In this project, we focused on predicting the VWAP using 14 year's worth of time series data. Throughout the project, we followed a systematic approach to build and evaluate time series models.

We began by reading and preprocessing the data, ensuring that it was in a suitable format for analysis. We then conducted exploratory data analysis (EDA) to gain insights into the patterns, trends, and seasonality present in the data.
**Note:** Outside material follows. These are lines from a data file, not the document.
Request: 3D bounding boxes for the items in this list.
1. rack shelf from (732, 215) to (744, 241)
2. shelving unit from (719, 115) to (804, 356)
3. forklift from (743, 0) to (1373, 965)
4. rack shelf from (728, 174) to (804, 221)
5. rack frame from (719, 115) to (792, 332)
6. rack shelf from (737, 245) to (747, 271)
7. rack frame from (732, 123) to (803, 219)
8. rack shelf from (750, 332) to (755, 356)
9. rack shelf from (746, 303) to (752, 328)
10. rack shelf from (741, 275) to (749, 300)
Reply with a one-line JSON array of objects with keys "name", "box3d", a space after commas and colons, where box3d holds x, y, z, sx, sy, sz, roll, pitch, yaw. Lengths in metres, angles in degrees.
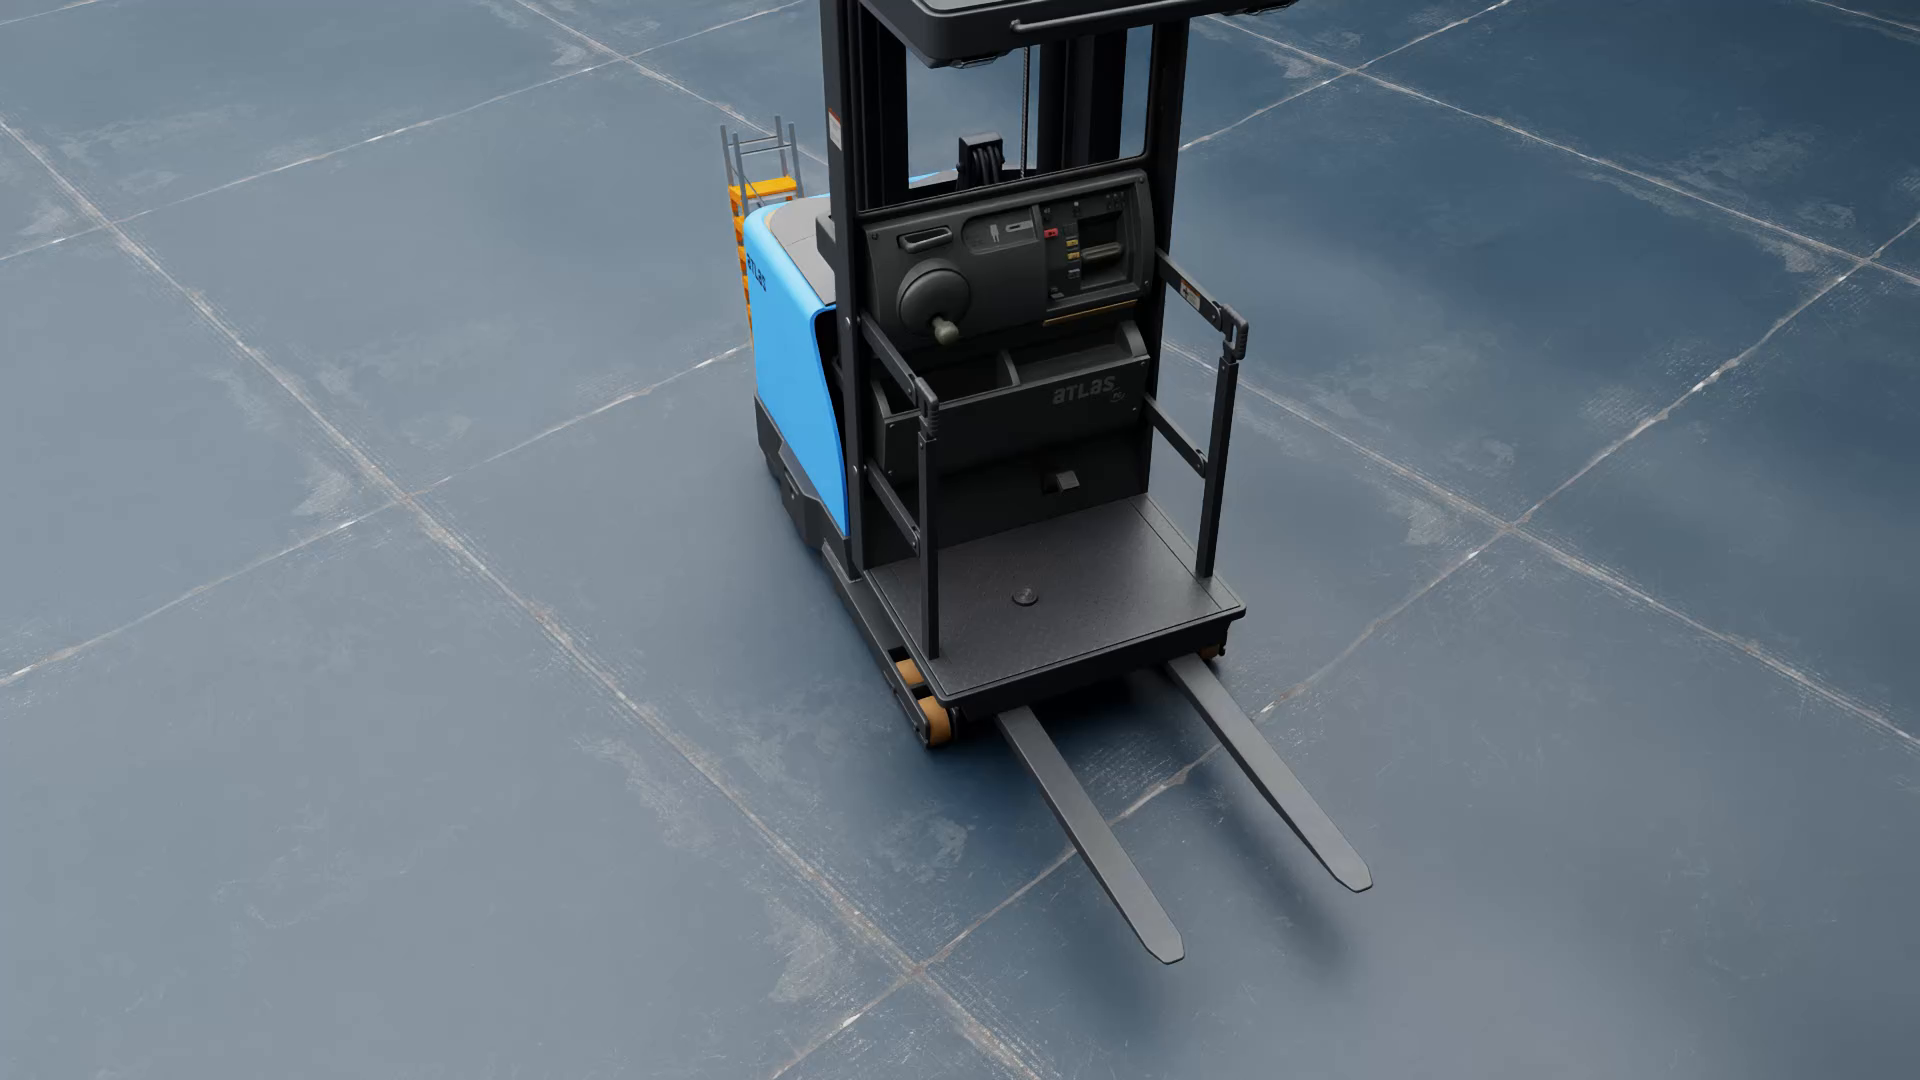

To proceed with modeling, we first checked the stationarity of the time series. Since the data was non - stationary, we performed differencing technique.

We applied Durbin-Watson test to residuals from time series models to diagnose autocorrelation.

We built  models like Sarima and Sarimax. The performance of these models was evaluated based on both the p-value and root mean squared error (RMSE).

After evaluating the models, we found that Sarimax model outperformed the Sarima model in terms of predictive accuracy.